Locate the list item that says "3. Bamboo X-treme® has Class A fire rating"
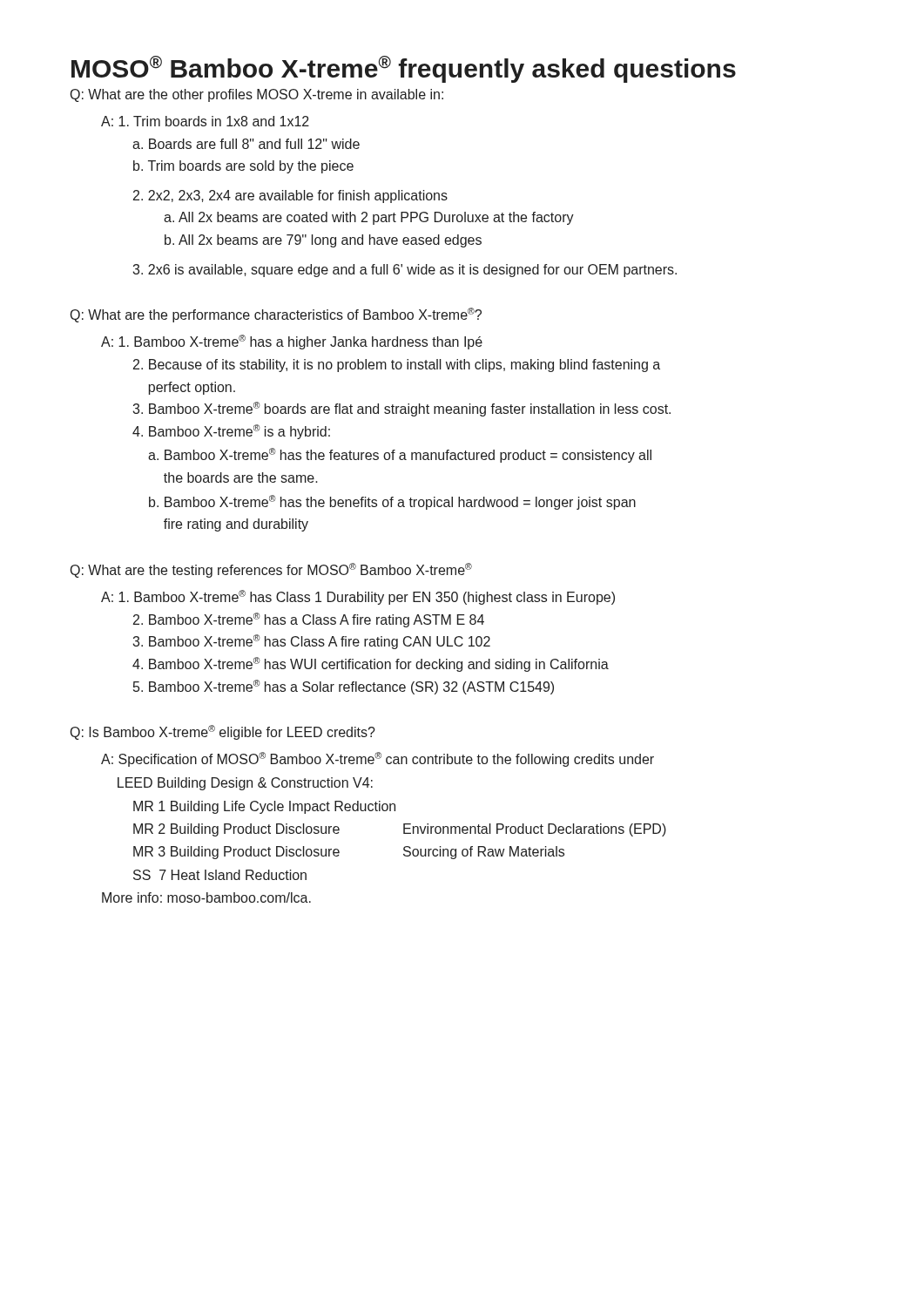 pyautogui.click(x=312, y=641)
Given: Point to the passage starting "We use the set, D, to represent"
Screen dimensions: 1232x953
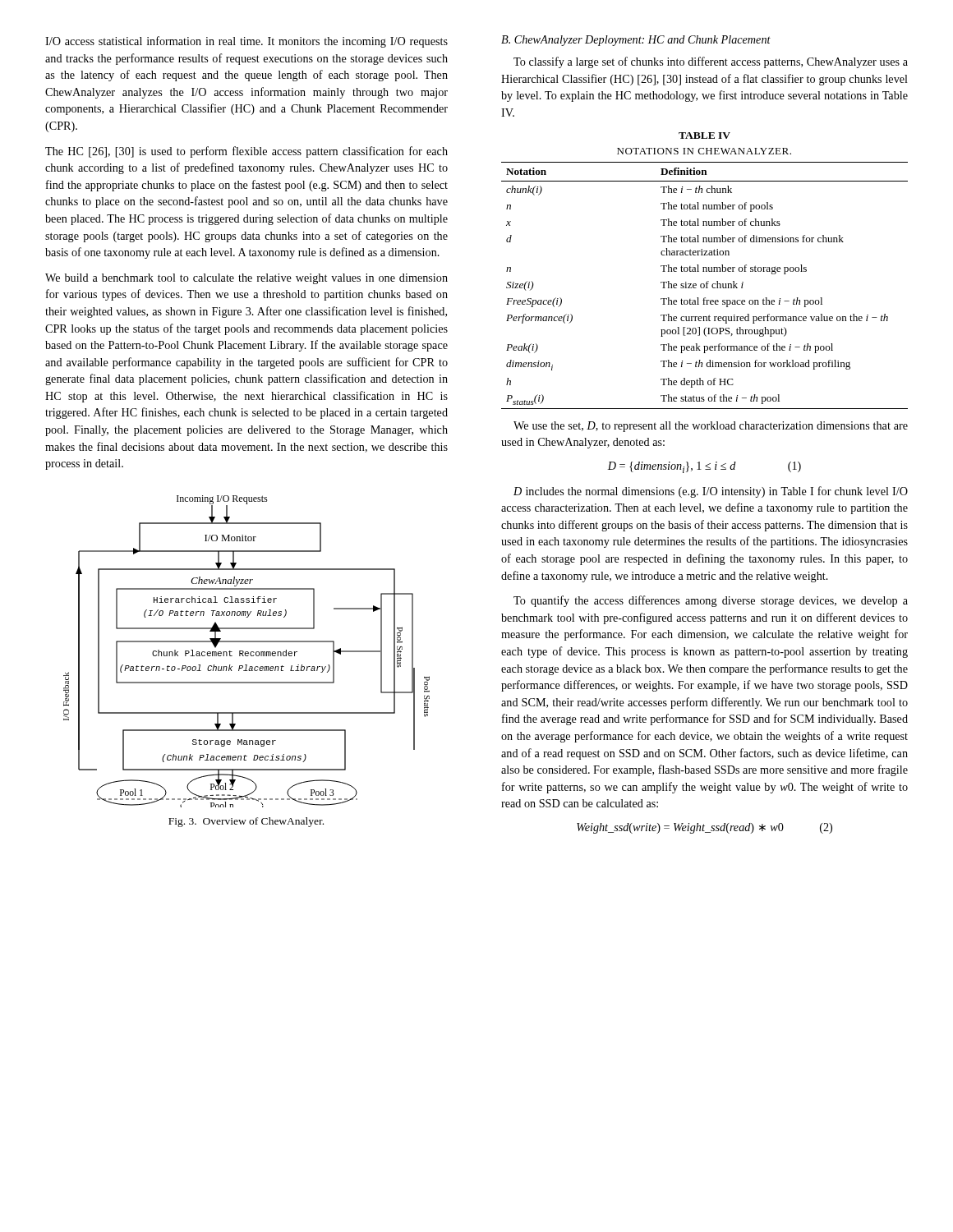Looking at the screenshot, I should tap(705, 434).
════════════════════
Write out nothing but the lines from the start of the data through the line with "Given: Point to". Leave out the pictures.

--- Task answer ---
Locate the list item that says "3. Bamboo X-treme® has Class A fire rating"
 pyautogui.click(x=312, y=641)
Given: Point to the passage starting "We use the set, D, to represent"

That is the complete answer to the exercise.